I got Prof Layton and curious village this year so far fab the puzzles are good some so easy that they hard IYKWIM   
Got a Wii this year so didnt go with many games for DS even tho i do love it 

hope u have fun xx


----------



## kitten1 (Jan 1, 2007)

I've got Guitar Hero for the DS and I think it's great!! So does DH tho so I don't get to play it very often.................


----------



## Bekie (Aug 23, 2004)

Yup I also want the Prof Layton one but cant find it anywhere  

Bekie


----------



## Lou F ❁ (Feb 28, 2003)

Sadie & Bekie I got Prof Layton from an asda living store for £27.99 bargin really plus i couldnt find it anywhere untill i went there so u could try them if u have them round your way.


----------



## REC (Jun 16, 2004)

42 classic games is good.
I've just completed professor layton..  
Zelda Phantom Hour Glass was a good game as well although I needed the help of DH & DD to complete. I'm more into puzzle games like solitaire & mahjong.

Roz
x


----------



## dakota (Feb 6, 2007)

Thanks girls, i have a long list of games i now want  

Played sonic last night, go t so far and couldnt work out what i need to do next    

Lou, i also played golden compass and got 2 mins into the game and got stuck as i couldnt work out how to jump across a gap    

I think i may stick to the puzzle games


----------



## jessfiveash (Sep 17, 2008)

i'm addicted to professor layton....i got it pre crimbo tho when it was £24.99 i'm sure now that crimbo's over it'll come back down in price.

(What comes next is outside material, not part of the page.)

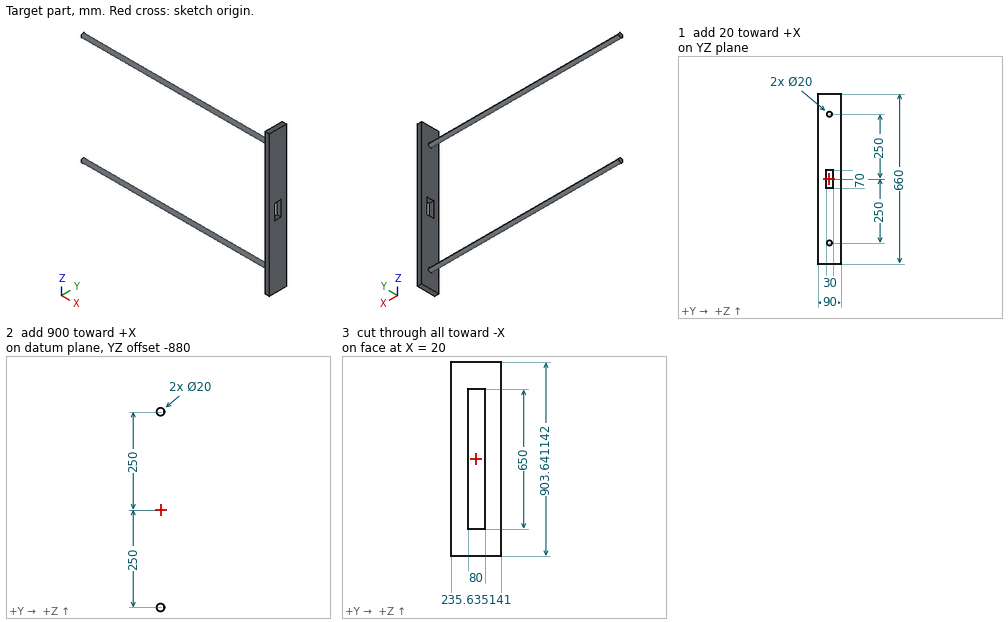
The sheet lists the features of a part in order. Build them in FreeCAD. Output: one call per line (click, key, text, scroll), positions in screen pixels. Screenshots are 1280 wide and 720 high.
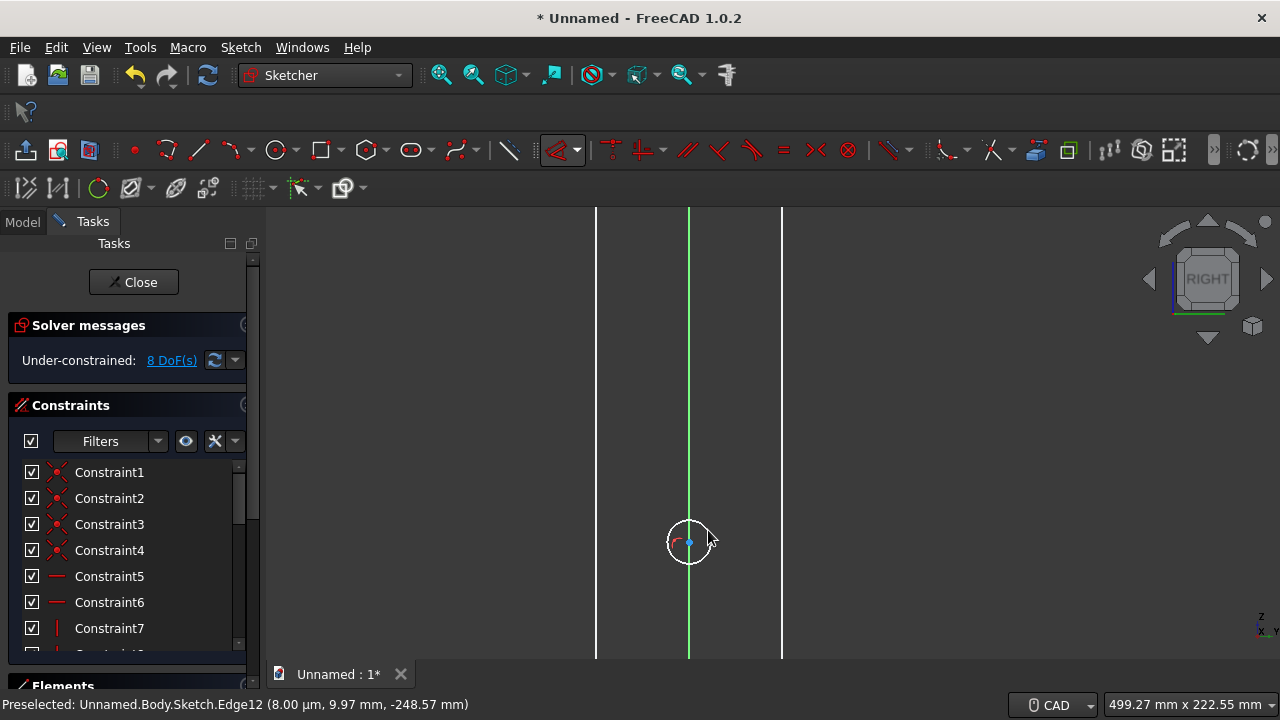
scroll(708, 535, down, 8)
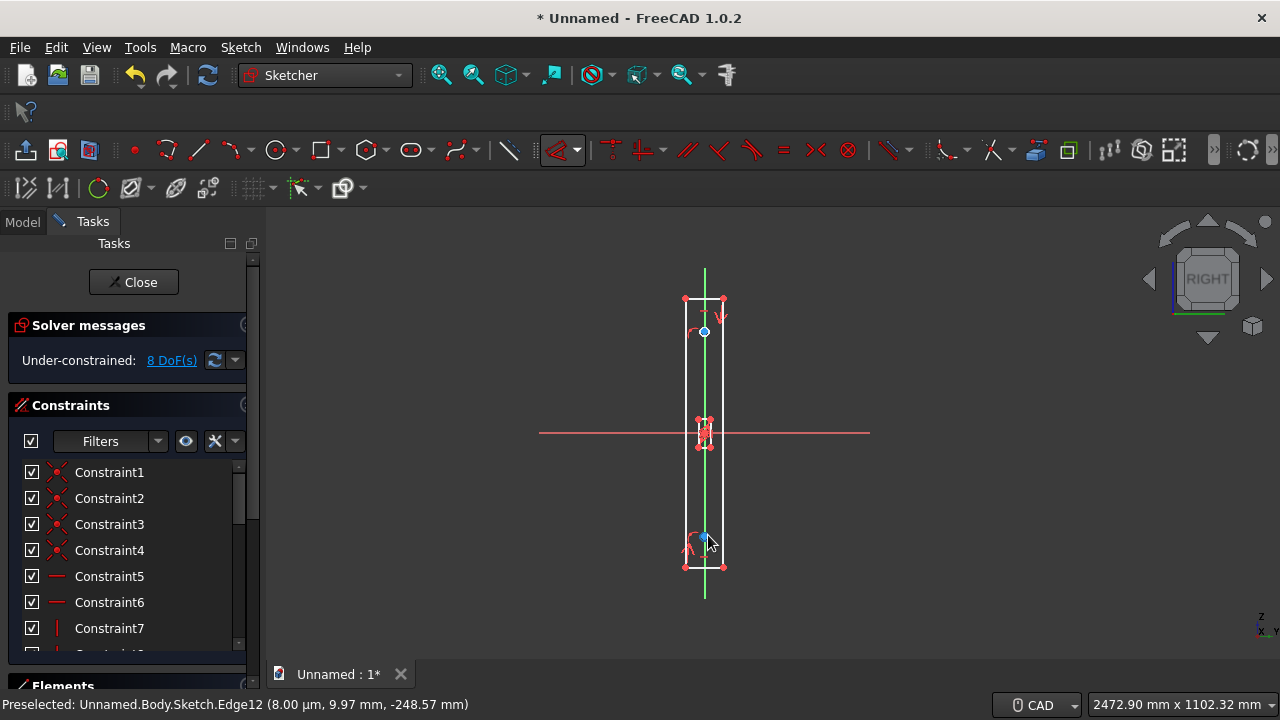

check out www.play.com they have offers that change often.

brain training
big brain acdemy
scrabble
hamsters...or cats..look after a pet 
sims 2

then my DS has all sorts   which i'm yet to try..but many platform games
ohh and i did love zelda phanthom glass  

/links


----------



## ♥Tamsin♥ (Jun 29, 2004)

Definitly has to be Professor Layton & the Curious Village


----------



## jessfiveash (Sep 17, 2008)

i played arthur and the invisables today expecting a platform type game...
but was amazed by it....its all mini games and puzzles linked to the film..deff worth playing


----------